IBM also holds joint projects with the Israeli military’s Computer Service and Cyber Defense Divisions, focusing on advanced fields such as Artificial Intelligence (AI) and Machine Learning (ML).1 This collaboration extends to general product development, with IBM actively marketing specialized, AI-enhanced solutions for defense organizations designed to accelerate mission planning and decision support, often trained on military doctrines.9
The depth of this relationship is underscored by the ideological alignment expressed by both parties. Israeli military officers have described Red Hat as a “business partner,” and company executives have similarly publicly acknowledged the Israeli military as their “partner” and “leading customer,” expressing “great pride” in enhancing their capabilities.2 Such statements negate any possibility that the relationship is merely incidental or general commercial activity.
IBM’s influence extends beyond direct IDF contracts into the broader Israeli defense industrial base.

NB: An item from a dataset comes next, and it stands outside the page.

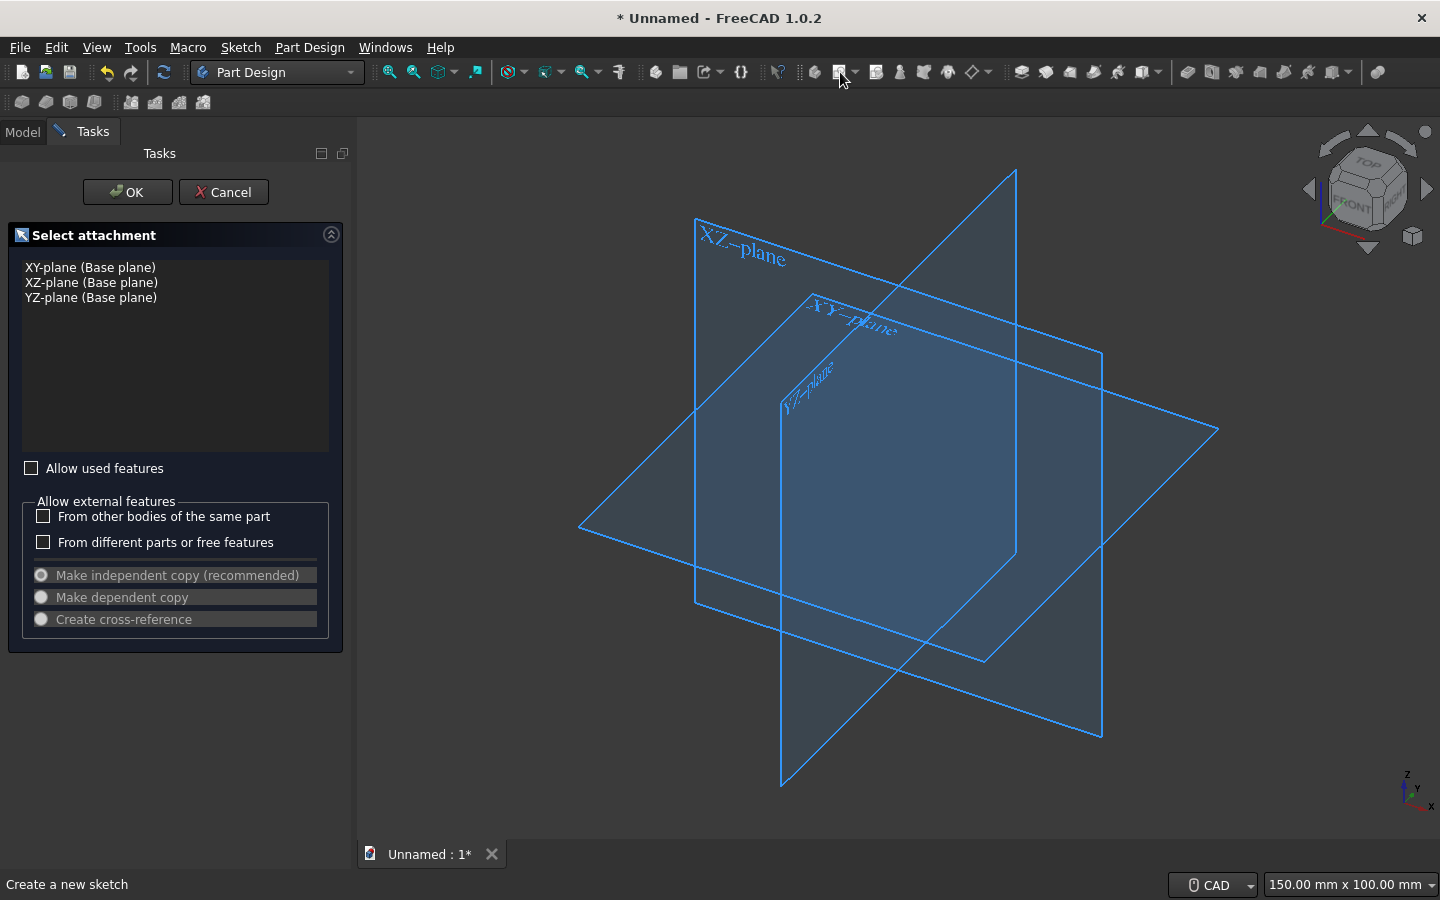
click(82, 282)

The company offers its hybrid cloud application platform, Red Hat OpenShift, to government ministries and state-owned defense companies, including major arms manufacturers such as Israel Aerospace Industries (IAI) and Rafael Advanced Defense Systems.5 IAI and Rafael are crucial to the production of core Israeli defense and missile systems, including the Iron Dome and Spike missiles.3 The provision of critical cloud infrastructure to these entities, even if general-purpose, supports the production and logistical continuity of weapon systems used in military operations.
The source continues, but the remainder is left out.